Майор чуть не скрипел зубами, ну сволочи, ну мастера, везде поспели, и как же чисто сработали... Второй раунд тоже, выходит, за ними. Костя как свидетель теперь неоценим. Почему же он еще жив? Ясно почему: в планах Балашова и его своры Костю наверняка должен был прикончить Болт, после чего он – глава Центральной ОПГ, ему подчиняется поредевшая, но мощная банда, а сам он – марионетка Балашова! Гениально!
И сорвал этот великолепно срежиссированный спектакль Маршал, прояснивший одурманенные Костины мозги своими последними словами... Вот уж действительно последнее слово Маршала...
Сейчас Балашов и его свора снова на тропе войны: Болт не позвонил, не доложил о выполнении задания, наверняка они уже знают, что он мертв, а Костя жив-здоров, и идут по его следу. А может, они уже за дверью... Майор похолодел и медленным движением расстегнул кобуру.
Костя умолк, ему не надо было объяснять, что означает это жест. Сейчас майор влепит ему пулю в лоб – и конец. Ну и пусть, и слава богу...
Майор понял, почему Костя вдруг замолчал.

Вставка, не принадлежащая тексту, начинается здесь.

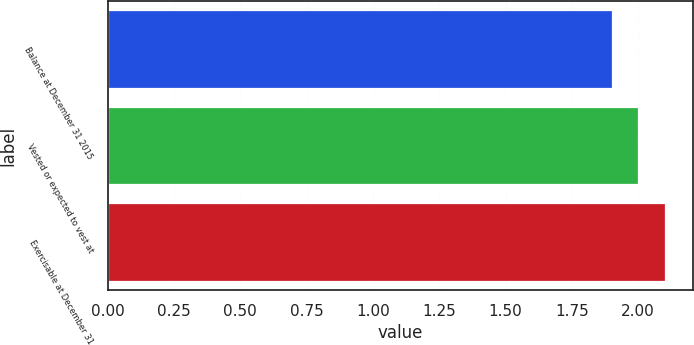<chart> <loc_0><loc_0><loc_500><loc_500><bar_chart><fcel>Balance at December 31 2015<fcel>Vested or expected to vest at<fcel>Exercisable at December 31<nl><fcel>1.9<fcel>2<fcel>2.1<nl></chart> 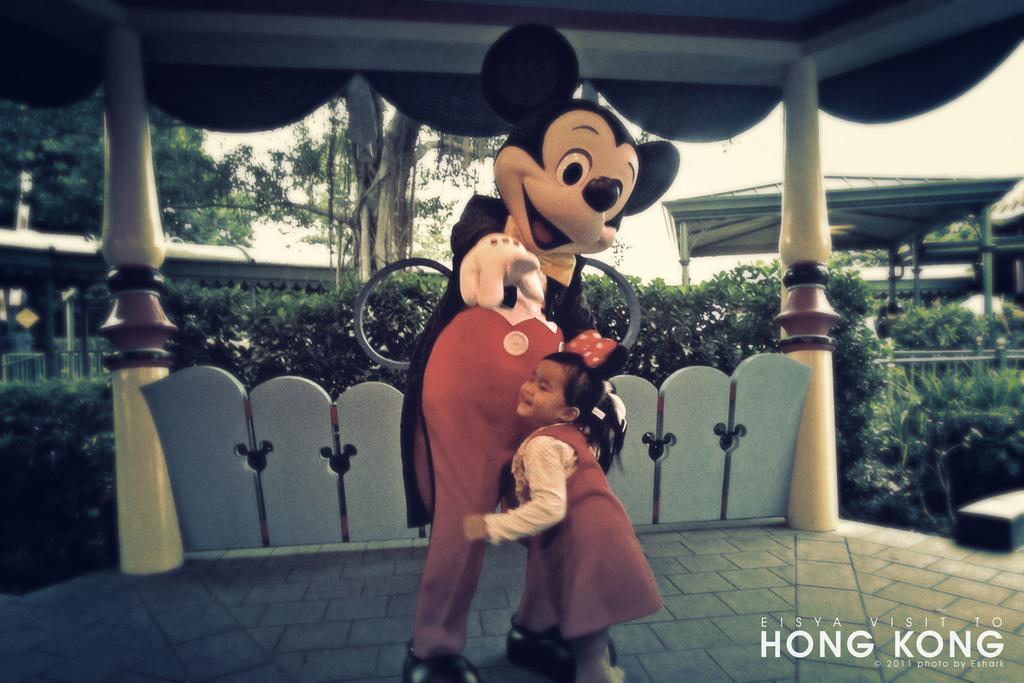Who is present in the image? There is a girl in the image. What is the girl standing near? The girl is standing near a Mickey Mouse. What can be seen in the background of the image? There are pillars, bushes, trees, tents, and the sky visible in the background of the image. Can you describe the watermark in the image? There is a watermark in the right bottom corner of the image. What type of silk fabric is draped over the tents in the image? There is no silk fabric present in the image; it only shows tents in the background. What time is it according to the clocks in the image? There are no clocks visible in the image. 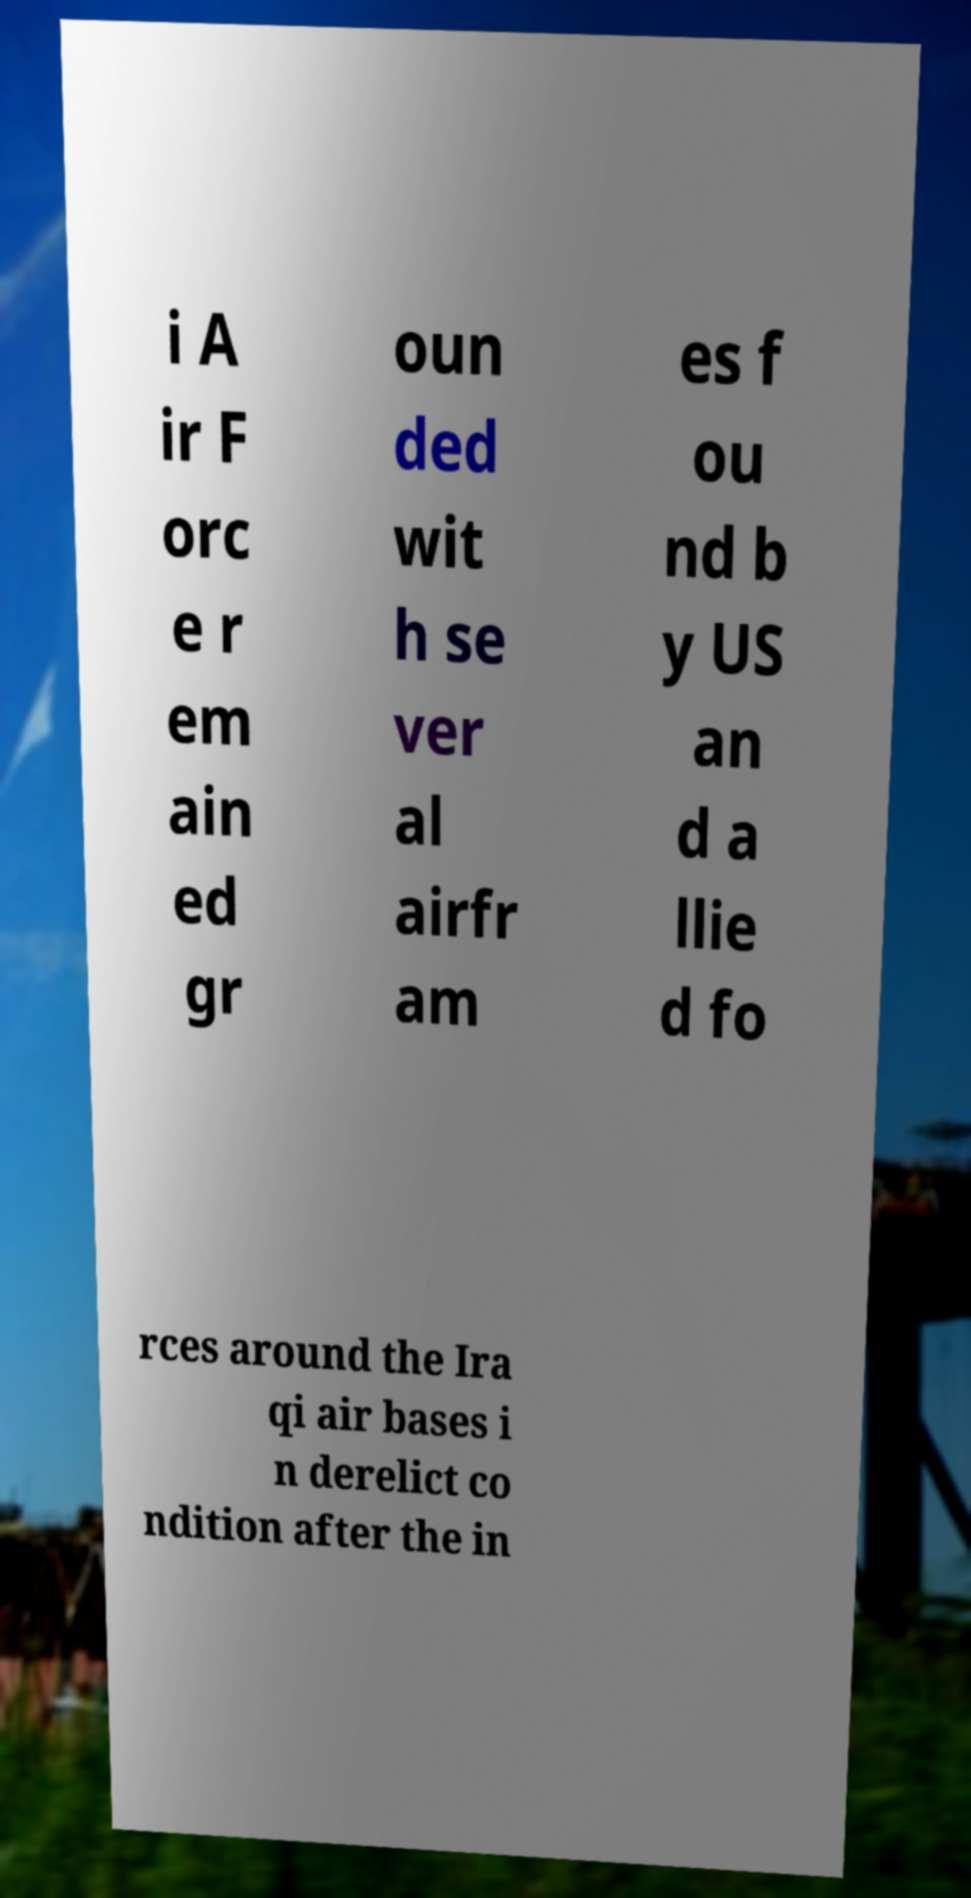Can you read and provide the text displayed in the image?This photo seems to have some interesting text. Can you extract and type it out for me? i A ir F orc e r em ain ed gr oun ded wit h se ver al airfr am es f ou nd b y US an d a llie d fo rces around the Ira qi air bases i n derelict co ndition after the in

– Парень, за тобой сейчас идет такая охота, что хоть вызывай ваш воздушно-десантный и занимай круговую оборону. Они, твои фээсбэшники, могут прийти за твоей головой в любую минуту. Болт – пешка в их игре, он был простым исполнителем, и тебе подложили сумку с оружием совсем не случайно: ты тоже был слепым орудием в их руках, пока не услышал слова отца... Тебя провоцировали на убийство отца, а потом Болт должен был тебя убрать – и все они чисты: перед милицией, перед московским преступным миром и даже перед остальной братвой группировки – все свалили бы на тебя, а Болтянский стал бы героем. Но ты их планы поломал.
Костя хотел что-то сказать, однако майор его прервал.
– Погоди. – Каменев внимательно оглядел палату. – Так, перебирайся сюда, на эту койку, здесь тебя не достанут ни из окна, ни из двери.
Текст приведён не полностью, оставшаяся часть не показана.